Tooze does a good job of putting the Clinton-Obama policies in a good light. There is little question that many US jobs were exported to China, and that economic pain was enough to stimulate the surge of populism that placed Trump in the White House via the archaic Electoral College. But there were other ways the US could have address that economic pain.
“Thanks to the painstaking work of labour economists we can trace, county by county, the impact of Chinese imports and the loss of factory jobs across the US. The evidence of the shock is clear enough, but so too are its modest proportions. High-side estimates put the total number of jobs lost in the US because of Chinese imports at 2.5 million, which is little more than 2 per cent of the workforce. To describe this as ‘American carnage’ is a dramatic rhetorical inflation. The significant fact, though, is that 2.5 million amounts to 20 per cent of the manufacturing labour force. These were the fabled well-paid manual jobs that stand for the vanished American dream of blue-collar prosperity.

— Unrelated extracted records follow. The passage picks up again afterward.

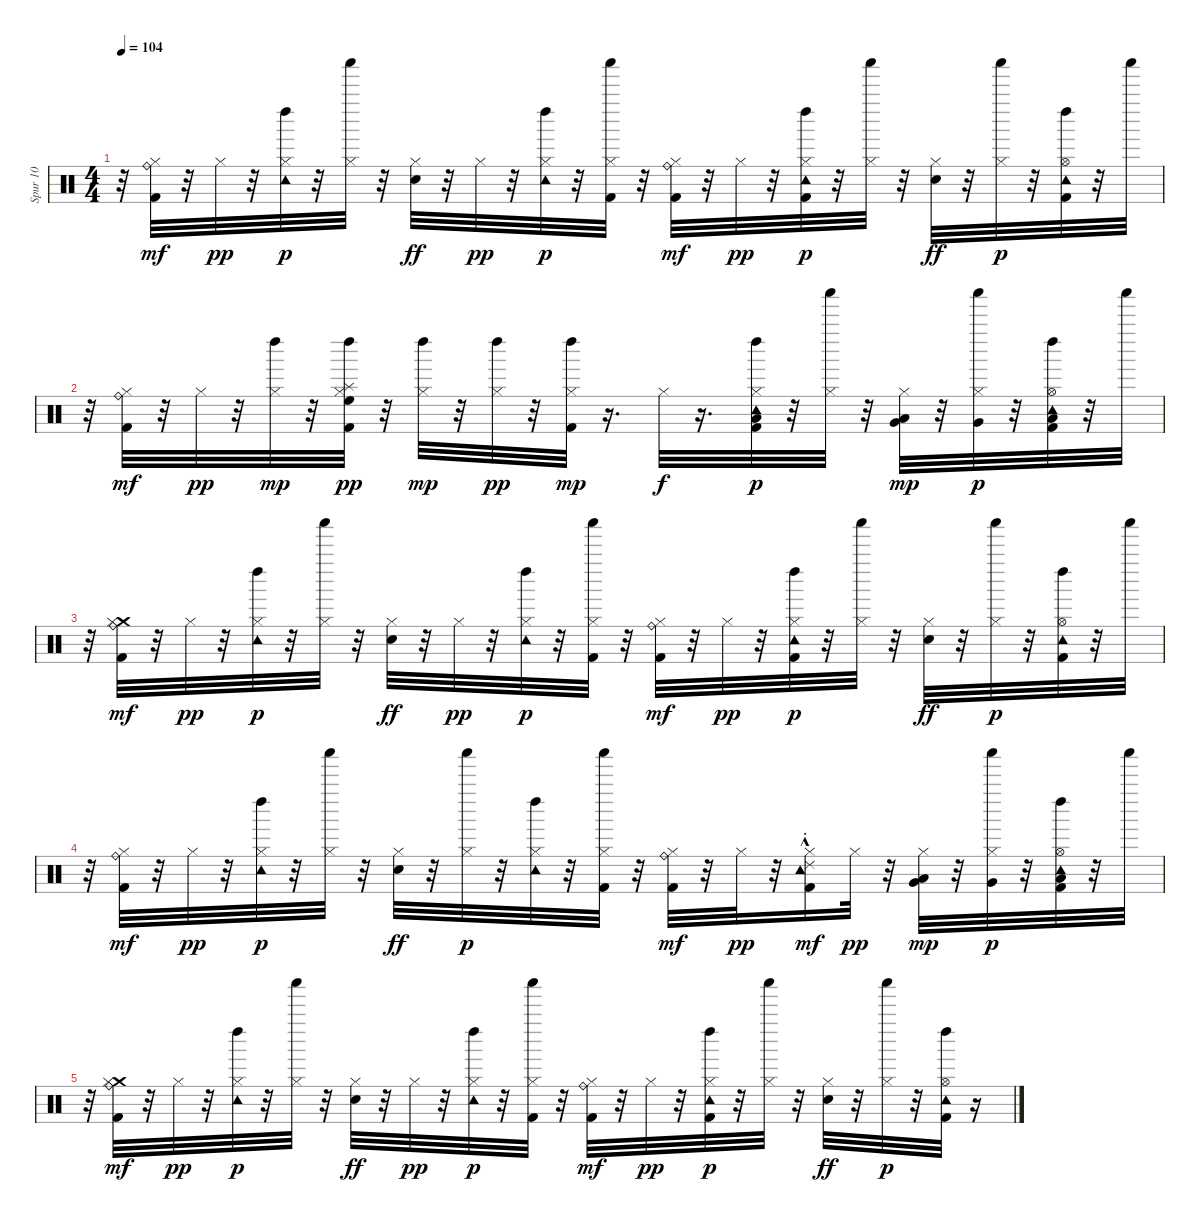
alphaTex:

\track ("Spur 10" "Spur 10") {instrument percussion}
\staff {score}
\articulation defaults
\ts (4 4)
\tempo 104
\clef neutral
\ks c
r.32{dy p} ("Hi-Hat (closed)" "Ride (bell)" "Kick (hit) 2").32{dy mf} r.32 "Hi-Hat (closed)".32{dy pp} r.32 ("Hi-Hat (closed)" "Tambourine (hit)" "Left Maraca (hit)").32{dy p} r.32 ("Hi-Hat (closed)" "Shaker (hit)").32 r.32 ("Hi-Hat (closed)" "Snare (hit) 2").32{dy ff} r.32 "Hi-Hat (closed)".32{dy pp} r.32 ("Hi-Hat (closed)" "Tambourine (hit)" "Left Maraca (hit)").32{dy p} r.32 ("Hi-Hat (closed)" "Kick (hit) 2" "Shaker (hit)").32 r.32 ("Hi-Hat (closed)" "Ride (bell)" "Kick (hit) 2").32{dy mf} r.32 "Hi-Hat (closed)".32{dy pp} r.32 ("Hi-Hat (closed)" "Tambourine (hit)" "Kick (hit) 2" "Left Maraca (hit)").32{dy p} r.32 ("Hi-Hat (closed)" "Shaker (hit)").32 r.32 ("Hi-Hat (closed)" "Snare (hit) 2").32{dy ff} r.32 ("Hi-Hat (closed)" "Shaker (hit)").32{dy p} r.32 ("Hi-Hat (open)" "Tambourine (hit)" "Kick (hit) 2" "Left Maraca (hit)").32 r.32 "Shaker (hit)".32 |
r.32 ("Hi-Hat (closed)" "Ride (bell)" "Kick (hit) 2").32{dy mf} r.32 "Hi-Hat (closed)".32{dy pp} r.32 ("Hi-Hat (closed)" "Left Maraca (hit)").32{dy mp} r.32 ("Hi-Hat (closed)" "High Floor Tom (hit)" "Splash (hit)" "Left Maraca (hit)" "Kick (hit) 2").32{dy pp} r.32 ("Hi-Hat (closed)" "Left Maraca (hit)").32{dy mp} r.32 ("Hi-Hat (closed)" "Left Maraca (hit)").32{dy pp} r.32 ("Hi-Hat (closed)" "Left Maraca (hit)" "Kick (hit) 2").32{dy mp} r.16{d} "Hi-Hat (closed)".32{dy f} r.16{d} ("Hi-Hat (closed)" "Low Tom (hit)" "Tambourine (hit)" "Kick (hit) 2" "Left Maraca (hit)").32{dy p} r.32 ("Hi-Hat (closed)" "Shaker (hit)").32 r.32 ("Hi-Hat (closed)" "Very Low Tom (hit)" "Low Tom (hit)").32{dy mp} r.32 ("Hi-Hat (closed)" "Very Low Tom (hit)" "Shaker (hit)").32{dy p} r.32 ("Low Floor Tom (hit)" "Hi-Hat (open)" "Tambourine (hit)" "Kick (hit) 2" "Left Maraca (hit)").32 r.32 "Shaker (hit)".32 |
r.32 ("Crash medium (hit)" "Hi-Hat (closed)" "Ride (bell)" "Kick (hit) 2").32{dy mf} r.32 "Hi-Hat (closed)".32{dy pp} r.32 ("Hi-Hat (closed)" "Tambourine (hit)" "Left Maraca (hit)").32{dy p} r.32 ("Hi-Hat (closed)" "Shaker (hit)").32 r.32 ("Hi-Hat (closed)" "Snare (hit) 2").32{dy ff} r.32 "Hi-Hat (closed)".32{dy pp} r.32 ("Hi-Hat (closed)" "Tambourine (hit)" "Left Maraca (hit)").32{dy p} r.32 ("Hi-Hat (closed)" "Kick (hit) 2" "Shaker (hit)").32 r.32 ("Hi-Hat (closed)" "Ride (bell)" "Kick (hit) 2").32{dy mf} r.32 "Hi-Hat (closed)".32{dy pp} r.32 ("Hi-Hat (closed)" "Tambourine (hit)" "Kick (hit) 2" "Left Maraca (hit)").32{dy p} r.32 ("Hi-Hat (closed)" "Shaker (hit)").32 r.32 ("Hi-Hat (closed)" "Snare (hit) 2").32{dy ff} r.32 ("Hi-Hat (closed)" "Shaker (hit)").32{dy p} r.32 ("Hi-Hat (open)" "Tambourine (hit)" "Kick (hit) 2" "Left Maraca (hit)").32 r.32 "Shaker (hit)".32 |
r.32 ("Hi-Hat (closed)" "Ride (bell)" "Kick (hit) 2").32{dy mf} r.32 "Hi-Hat (closed)".32{dy pp} r.32 ("Hi-Hat (closed)" "Tambourine (hit)" "Left Maraca (hit)").32{dy p} r.32 ("Hi-Hat (closed)" "Shaker (hit)").32 r.32 ("Hi-Hat (closed)" "Snare (hit) 2").32{dy ff} r.32 ("Hi-Hat (closed)" "Shaker (hit)").32{dy p} r.32 ("Hi-Hat (closed)" "Tambourine (hit)" "Left Maraca (hit)").32 r.32 ("Hi-Hat (closed)" "Kick (hit) 2" "Shaker (hit)").32 r.32 ("Hi-Hat (closed)" "Ride (bell)" "Kick (hit) 2").32{dy mf} r.32 "Hi-Hat (closed)".32{dy pp} r.32 ("Ride (choke) 2"{hac} "Hi-Hat (closed)" "Tambourine (hit)" "Kick (hit) 2").16{dy mf} "Hi-Hat (closed)".32{dy pp} r.32 ("Hi-Hat (closed)" "Very Low Tom (hit)" "Low Tom (hit)").32{dy mp} r.32 ("Hi-Hat (closed)" "Very Low Tom (hit)" "Shaker (hit)").32{dy p} r.32 ("Low Floor Tom (hit)" "Hi-Hat (open)" "Tambourine (hit)" "Kick (hit) 2" "Left Maraca (hit)").32 r.32 "Shaker (hit)".32 |
r.32 ("Crash medium (hit)" "Hi-Hat (closed)" "Ride (bell)" "Kick (hit) 2").32{dy mf} r.32 "Hi-Hat (closed)".32{dy pp} r.32 ("Hi-Hat (closed)" "Tambourine (hit)" "Left Maraca (hit)").32{dy p} r.32 ("Hi-Hat (closed)" "Shaker (hit)").32 r.32 ("Hi-Hat (closed)" "Snare (hit) 2").32{dy ff} r.32 "Hi-Hat (closed)".32{dy pp} r.32 ("Hi-Hat (closed)" "Tambourine (hit)" "Left Maraca (hit)").32{dy p} r.32 ("Hi-Hat (closed)" "Kick (hit) 2" "Shaker (hit)").32 r.32 ("Hi-Hat (closed)" "Ride (bell)" "Kick (hit) 2").32{dy mf} r.32 "Hi-Hat (closed)".32{dy pp} r.32 ("Hi-Hat (closed)" "Tambourine (hit)" "Kick (hit) 2" "Left Maraca (hit)").32{dy p} r.32 ("Hi-Hat (closed)" "Shaker (hit)").32 r.32 ("Hi-Hat (closed)" "Snare (hit) 2").32{dy ff} r.32 ("Hi-Hat (closed)" "Shaker (hit)").32{dy p} r.32 ("Hi-Hat (open)" "Tambourine (hit)" "Kick (hit) 2" "Left Maraca (hit)").32 r.16

“Given the resources of American government, a shock on this scale could have been cushioned through spending on welfare, education, reinvestment and relocation. But that would have required creative politics, which is precisely what has been obstructed by the Republicans. Instead the problem wasn’t addressed, unleashing a pervasive status anxiety among lower-middle-class and working-class white Americans, especially men. It was in the counties where the highest number of jobs were lost because of the China shock that Trump scored best in the 2016 election. There wasn’t a huge national swing in electoral terms, any more than the China shock was a huge national labour market crisis. But thanks to the rickety construction of America’s 18th-century constitution, all that Trump needed to do to win the presidency was exploit a series of concentrated local crises.”
The danger of the Trump China policy is that it has raised military tensions in the South China Sea, over Taiwan, over the products of Huawei, and the human rights of people in Hong Kong, Tibet, and Xinjiang. If President Trump is not re-elected in November, then the first order of business for the Biden Administration is to return to the process of encouraging the Chinese to support the multilateral institutions of the post-1945 world.